I'm trying to separate a word with two adjacent vowels by inserting a non-alphabetic group of characters. When I use re.sub()
with a non-empty substitution, the result shows the insertion but the insertion seems to have "eaten up" the following character.
Here's an example"
import = re
word = "aorta"
re.sub('(?<=[AEOUaeouy])(?:[aeoui])', '[=]', word)

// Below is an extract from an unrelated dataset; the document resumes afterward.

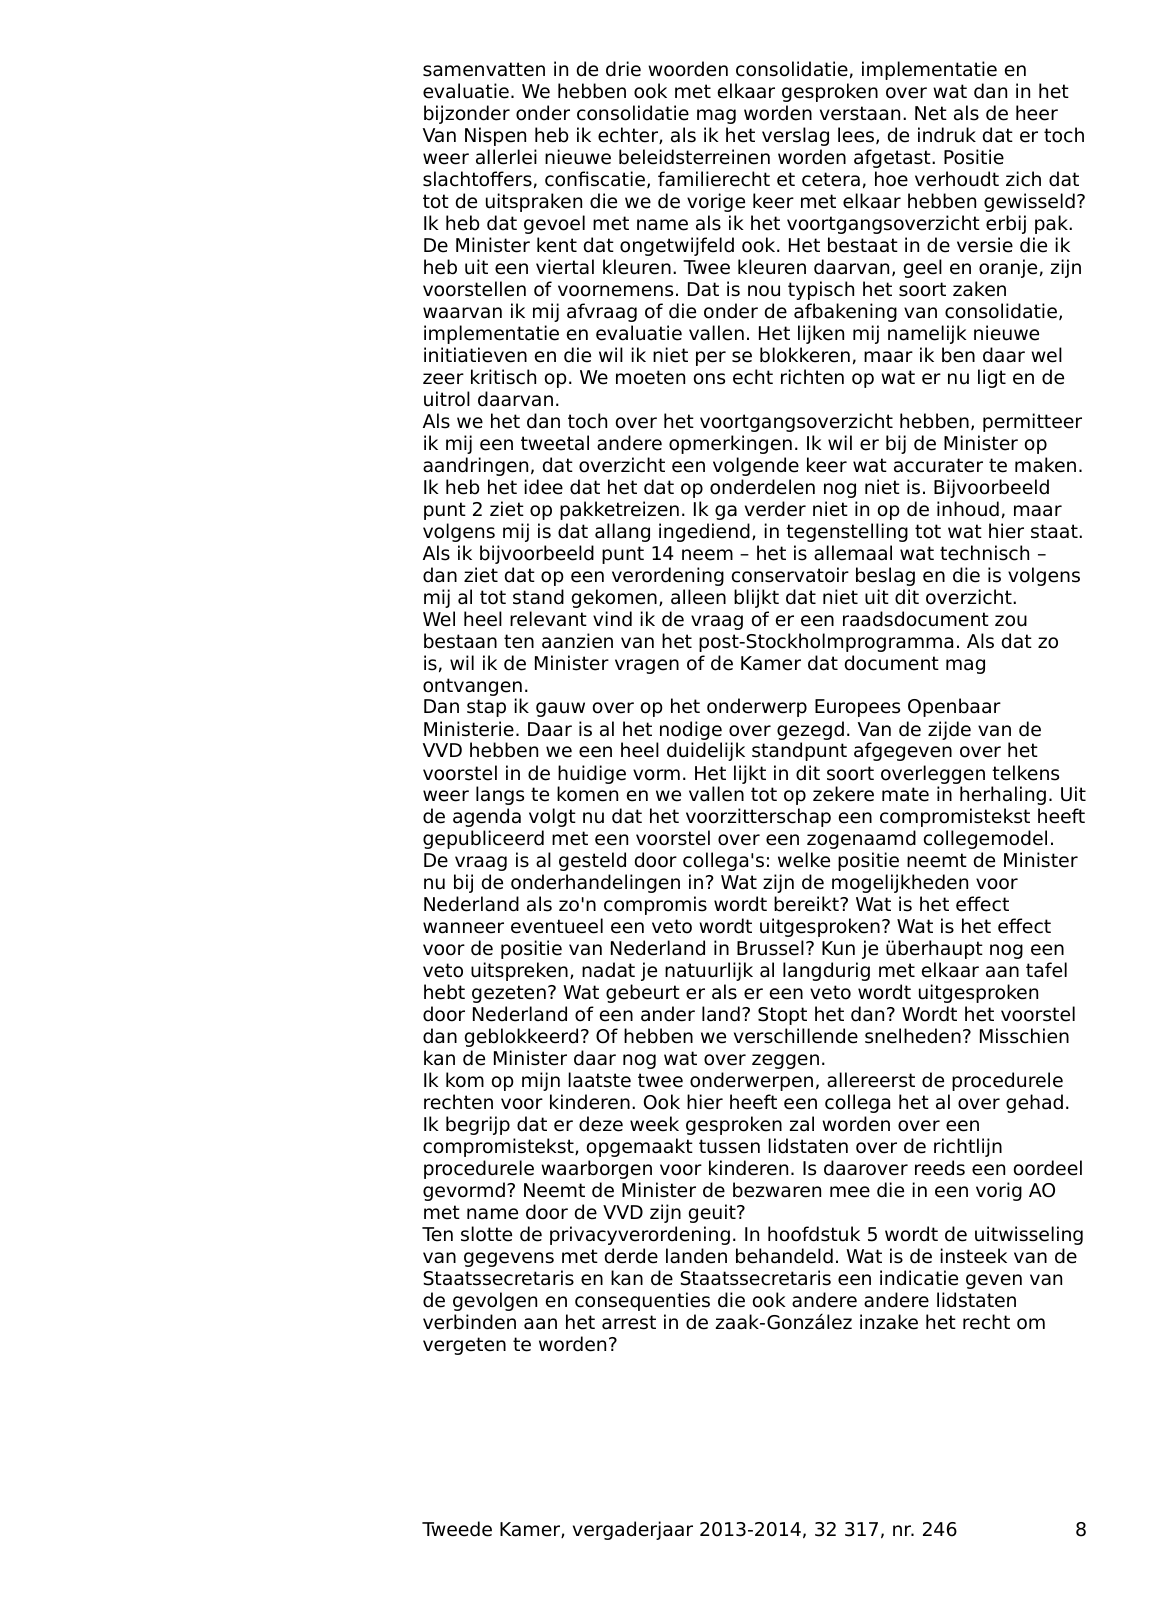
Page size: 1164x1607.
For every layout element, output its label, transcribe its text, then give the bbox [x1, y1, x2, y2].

#actual output => 'a[=]r[=]ta'
#expected output => 'a[=]or[=]ta'
Why is the character following the insertion eaten up?
You should use a positive lookahead (a non-consuming pattern that only checks for the presence of some chars without actually adding them to the match value), not a non-capturing group (a consuming pattern that puts the matched chars into the match value that get replaced with re.sub
).
Use
import re
word = "aorta"
print(re.sub('([AEOUaeouy])(?=[aeoui])', r'\1[=]', word))
# => a[=]orta
See the Python demo.
Note: if you wish to get 'a[=]or[=]ta'
, add r
to the lookbehind character class, [AEOUaeouy]
=> [AEOUaeouyr]
.
Details
([AEOUaeouy])
- Group 1: any one of the chars defined in the pattern(?=[aeoui])
- a position that is followed with the chars in the character class \1
- in the replacement pattern, inserts the value captured with Group 1.